To write the equation of this plane, we need a point on it and a vector perpendicular to it. We're already given that the point (2,0,1) is on the plane. The vector <3,-1,4> is parallel to the line x=4t, y=2-t, z=3+4t, and because this line is perpendicular to the plane we're dealing with, the vector <3,-1,4> is perpendicular to this plane.

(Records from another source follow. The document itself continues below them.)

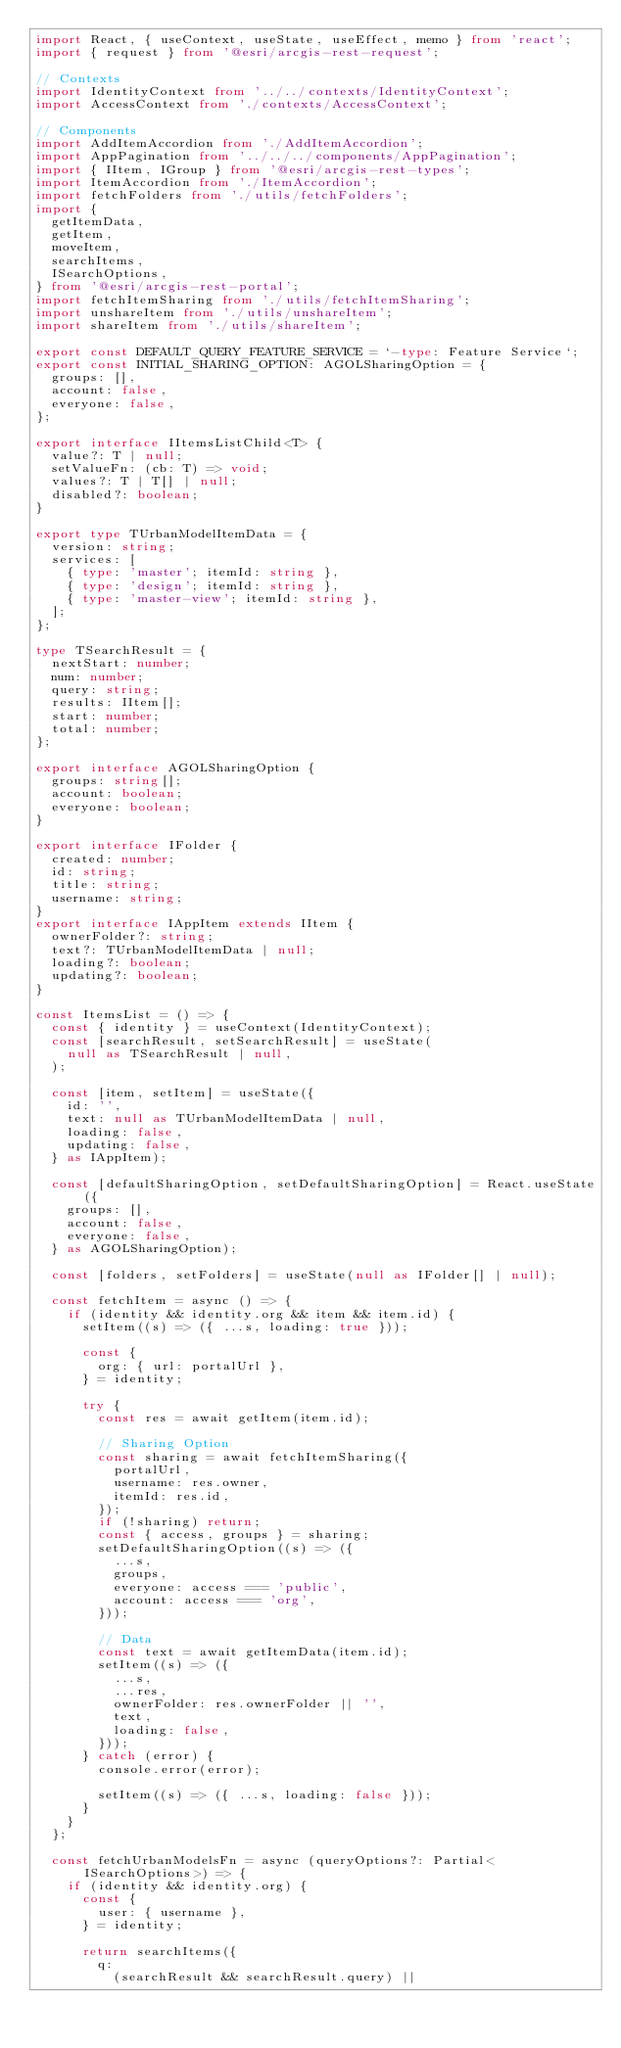Convert code to text. <code><loc_0><loc_0><loc_500><loc_500><_TypeScript_>import React, { useContext, useState, useEffect, memo } from 'react';
import { request } from '@esri/arcgis-rest-request';

// Contexts
import IdentityContext from '../../contexts/IdentityContext';
import AccessContext from './contexts/AccessContext';

// Components
import AddItemAccordion from './AddItemAccordion';
import AppPagination from '../../../components/AppPagination';
import { IItem, IGroup } from '@esri/arcgis-rest-types';
import ItemAccordion from './ItemAccordion';
import fetchFolders from './utils/fetchFolders';
import {
  getItemData,
  getItem,
  moveItem,
  searchItems,
  ISearchOptions,
} from '@esri/arcgis-rest-portal';
import fetchItemSharing from './utils/fetchItemSharing';
import unshareItem from './utils/unshareItem';
import shareItem from './utils/shareItem';

export const DEFAULT_QUERY_FEATURE_SERVICE = `-type: Feature Service`;
export const INITIAL_SHARING_OPTION: AGOLSharingOption = {
  groups: [],
  account: false,
  everyone: false,
};

export interface IItemsListChild<T> {
  value?: T | null;
  setValueFn: (cb: T) => void;
  values?: T | T[] | null;
  disabled?: boolean;
}

export type TUrbanModelItemData = {
  version: string;
  services: [
    { type: 'master'; itemId: string },
    { type: 'design'; itemId: string },
    { type: 'master-view'; itemId: string },
  ];
};

type TSearchResult = {
  nextStart: number;
  num: number;
  query: string;
  results: IItem[];
  start: number;
  total: number;
};

export interface AGOLSharingOption {
  groups: string[];
  account: boolean;
  everyone: boolean;
}

export interface IFolder {
  created: number;
  id: string;
  title: string;
  username: string;
}
export interface IAppItem extends IItem {
  ownerFolder?: string;
  text?: TUrbanModelItemData | null;
  loading?: boolean;
  updating?: boolean;
}

const ItemsList = () => {
  const { identity } = useContext(IdentityContext);
  const [searchResult, setSearchResult] = useState(
    null as TSearchResult | null,
  );

  const [item, setItem] = useState({
    id: '',
    text: null as TUrbanModelItemData | null,
    loading: false,
    updating: false,
  } as IAppItem);

  const [defaultSharingOption, setDefaultSharingOption] = React.useState({
    groups: [],
    account: false,
    everyone: false,
  } as AGOLSharingOption);

  const [folders, setFolders] = useState(null as IFolder[] | null);

  const fetchItem = async () => {
    if (identity && identity.org && item && item.id) {
      setItem((s) => ({ ...s, loading: true }));

      const {
        org: { url: portalUrl },
      } = identity;

      try {
        const res = await getItem(item.id);

        // Sharing Option
        const sharing = await fetchItemSharing({
          portalUrl,
          username: res.owner,
          itemId: res.id,
        });
        if (!sharing) return;
        const { access, groups } = sharing;
        setDefaultSharingOption((s) => ({
          ...s,
          groups,
          everyone: access === 'public',
          account: access === 'org',
        }));

        // Data
        const text = await getItemData(item.id);
        setItem((s) => ({
          ...s,
          ...res,
          ownerFolder: res.ownerFolder || '',
          text,
          loading: false,
        }));
      } catch (error) {
        console.error(error);

        setItem((s) => ({ ...s, loading: false }));
      }
    }
  };

  const fetchUrbanModelsFn = async (queryOptions?: Partial<ISearchOptions>) => {
    if (identity && identity.org) {
      const {
        user: { username },
      } = identity;

      return searchItems({
        q:
          (searchResult && searchResult.query) ||</code> 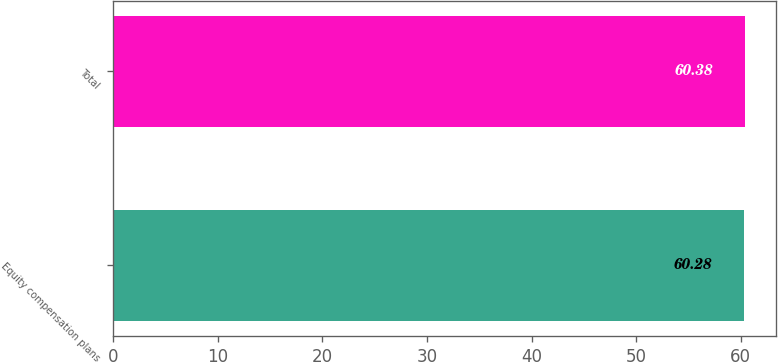<chart> <loc_0><loc_0><loc_500><loc_500><bar_chart><fcel>Equity compensation plans<fcel>Total<nl><fcel>60.28<fcel>60.38<nl></chart> 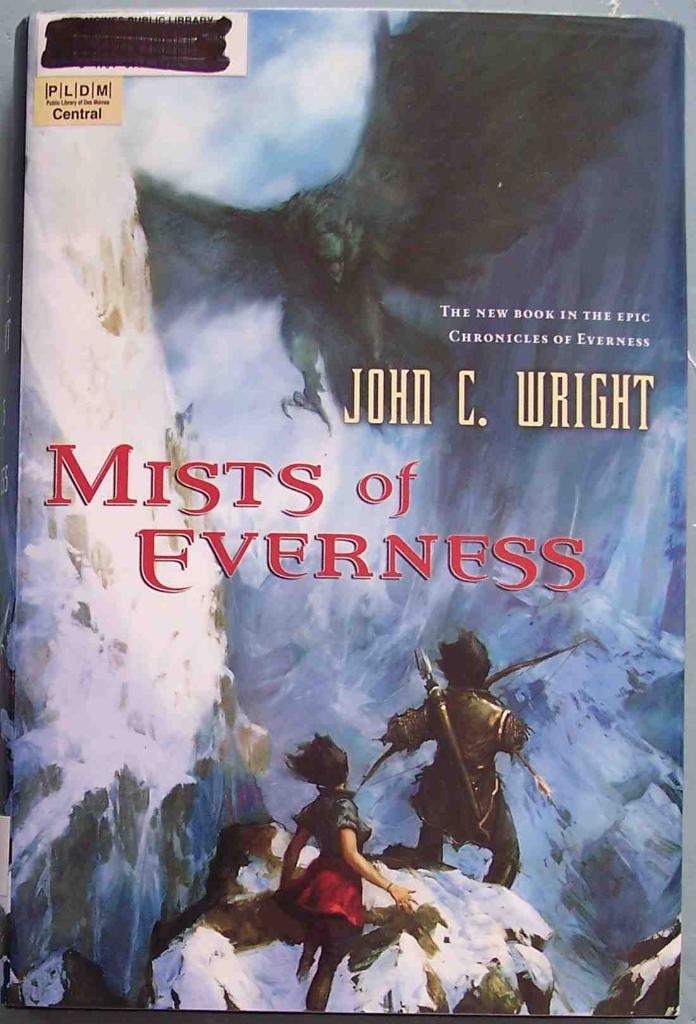<image>
Render a clear and concise summary of the photo. a book that is called Mists of Everness 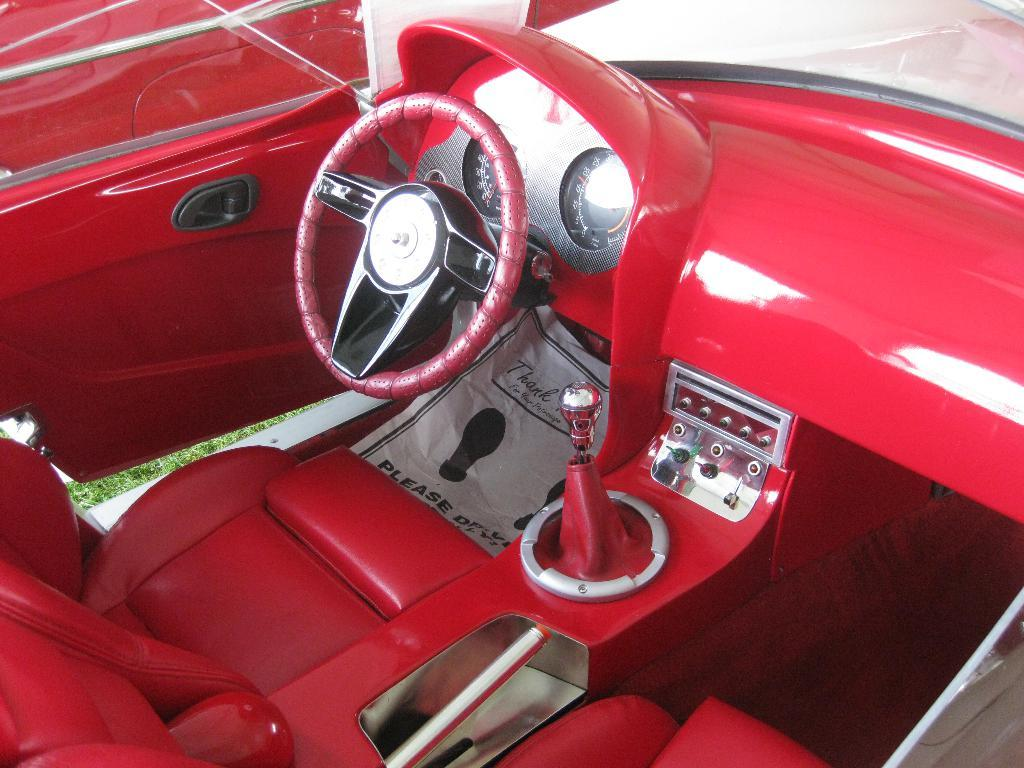What color is the car in the image? The car in the image is red. What is used for controlling the direction of the car? The car has a steering wheel for controlling its direction. How does the driver change gears in the car? The car has a gear rod for changing gears. What can be found inside the car for passengers to sit on? The car has seats for passengers to sit on. What type of vegetation is visible to the left of the car? There is grass visible to the left of the car. How does the driver enter the car? The car has a door on the left side for the driver to enter. What type of copper material is used to make the moon visible in the image? There is no moon or copper material present in the image; it features a red car with specific features and grass visible to the left. 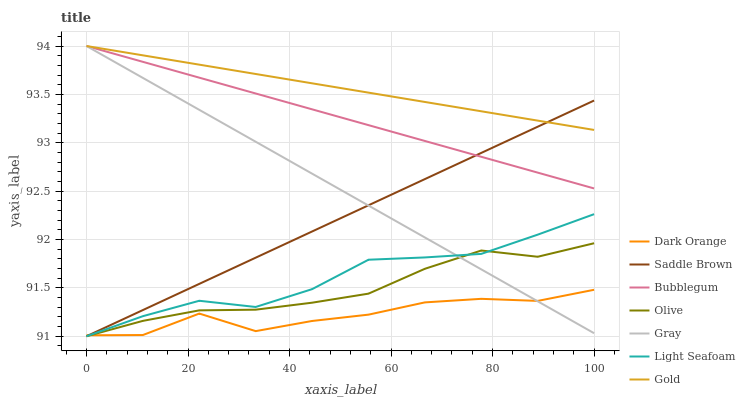Does Gray have the minimum area under the curve?
Answer yes or no. No. Does Gray have the maximum area under the curve?
Answer yes or no. No. Is Gold the smoothest?
Answer yes or no. No. Is Gold the roughest?
Answer yes or no. No. Does Gray have the lowest value?
Answer yes or no. No. Does Olive have the highest value?
Answer yes or no. No. Is Olive less than Gold?
Answer yes or no. Yes. Is Gold greater than Dark Orange?
Answer yes or no. Yes. Does Olive intersect Gold?
Answer yes or no. No.

An equation for this plane is therefore <3,-1,4> times < - <2,0,1>>=0 If you found this helpful, I encourage to subscribe to our youtube channel https://www.youtube.com/channel/UCYiI7SmkU4_vhdSzKBWsifg, to stay current with all of our new videos. Regards, Academic Gurus Inc. Twitter (@Academic_Gurus) Facebook (AcademicGurusInc) Youtube (Academic Gurus Inc)

zephyr141 · Answer

so it's $$3x-2-y+4y-1=0$$$$3x-y+4y-3=0$$$$3x-y+4y=3$$

zephyr141 · Answer

my final answer will be $$3x-y+4y=3$$

zephyr141 · Answer

oh i made a mistake in my second comment. 3x needs to be positive in the first equation and negative in the vector at the end and in every following instance. so i guess my answer will be$$-3x-y+4y=3$$right?

alekos · Answer

I thought it would have been -3x - y + 4z = 3

zephyr141 · Answer

whoops. yeah i wrote y twice. sorry. multiple variables can mix me up a bit.